China accounts for less than 10 percent of the world’s gross domestic product, yet consumes 20 percent of the world’s energy.

Industry accounts for over 70 percent of China’s total energy consumption, and the highest consumers are the steel, cement, and chemical industries. But the energy efficiency of these industries has consistently lagged behind leading international levels.

In 2003, the China Industry Program went to work to improve the efficiency of China’s enterprises. The program first supported Shandong Province steelworks enterprises Jinan Iron and Steel and Laiwu Iron and Steel in setting up energy-saving pilot projects. The two companies signed voluntary agreements with their local governments. CIP, in collaboration with Lawrence Berkeley National Laboratory (LBNL), the Energy Research Institute (ERI) of the National Development and Reform Commission (NDRC), China Energy Conservation Association (CECA), and others, provided consultation and technical support. These voluntary agreements proved to be effective energy-saving tools and were included in the revised Energy Conservation Law of the People’s Republic of China passed in 2007.

The Shandong pilots demonstrated the vast potential of industrial energy saving in China. With that evidence at hand, in 2006 NDRC selected 1,008 enterprises with annual energy consumption of over 180,000 tonnes of coal equivalent (tce) and launched the Top-1,000 Enterprises Energy Efficiency Program (Top-1,000 Program). As with the two pilots, the enterprises signed contracts with their local governments, voluntarily committing to meeting energy-saving targets.

The program far exceeded expectations: The enterprises saved 156 million tce by the end of the 11th Five-year Plan period, exceeding the initial target of 100 million tce—greater than the total carbon emissions reduction target for developed countries stipulated in the Kyoto Protocol.

Building on this progress, NDRC created the Top-10,000 Enterprises Energy Saving and Low Carbon Program (Top-10,000 Program), bringing it online in the 12th Five-year Plan period.

In 2010, CIP began focusing on ensuring that the Top-10,000 Program would be properly implemented. The NDRC-affiliated National Energy Conservation Center (NECC) proposed overall guidelines for the program, recommended that program outcomes be included in the evaluation of provincial and municipal governments’ overall energy saving performance, and advocated for establishing a reward and penalty system.

Drawing on this work, NDRC and 12 other government departments announced the Top-10,000 Program Implementation Plan in December 2012. This campaign remains to this day the world’s largest energy saving project, involving 16,078 enterprises with annual energy consumption of approximately 2 billion tce, accounting for roughly 87 percent of China’s total industrial energy consumption and 60 percent of the total national energy consumption. With a target to save 255 million tce during the 12th Five-year Plan period, the Top-10,00 program represents a contribution of approximately 38 percent to the plan’s energy saving goal.

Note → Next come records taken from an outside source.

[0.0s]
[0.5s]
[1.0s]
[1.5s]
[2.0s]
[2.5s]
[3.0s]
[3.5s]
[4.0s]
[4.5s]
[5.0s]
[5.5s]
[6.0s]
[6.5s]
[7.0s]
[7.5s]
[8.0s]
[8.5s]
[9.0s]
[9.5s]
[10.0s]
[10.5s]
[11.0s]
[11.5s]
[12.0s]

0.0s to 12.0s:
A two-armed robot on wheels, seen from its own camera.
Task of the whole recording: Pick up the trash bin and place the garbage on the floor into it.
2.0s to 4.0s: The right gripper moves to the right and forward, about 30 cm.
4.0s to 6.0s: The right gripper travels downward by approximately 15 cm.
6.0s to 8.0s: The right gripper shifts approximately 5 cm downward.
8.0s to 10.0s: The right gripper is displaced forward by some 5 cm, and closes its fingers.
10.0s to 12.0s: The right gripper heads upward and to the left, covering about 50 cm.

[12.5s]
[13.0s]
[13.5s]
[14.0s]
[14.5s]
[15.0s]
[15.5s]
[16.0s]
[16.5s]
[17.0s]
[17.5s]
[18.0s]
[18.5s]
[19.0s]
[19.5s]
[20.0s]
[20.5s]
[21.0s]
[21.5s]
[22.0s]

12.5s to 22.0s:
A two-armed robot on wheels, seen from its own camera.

CIP has continued to support the training of local personnel involved in energy saving, third-party capacity building, and policy innovation. It provided support for the compilation of the Training Manual for the Top-10,000 Program Implementation Plan, set up professional training teams, and provided trainings for 350 local-level personnel.

Government is now the driver of industrial energy-saving efforts. Going forward, we will assist in a transition so industry takes over that role. We will also help industry move from achieving purely quantitative energy saving targets to gaining better quality and efficiency in saving energy.

China’s Top-10,000 Program has already attracted the attention of the global energy policy community. Its continued success could make it a model to be emulated globally in industry’s efforts to save energy.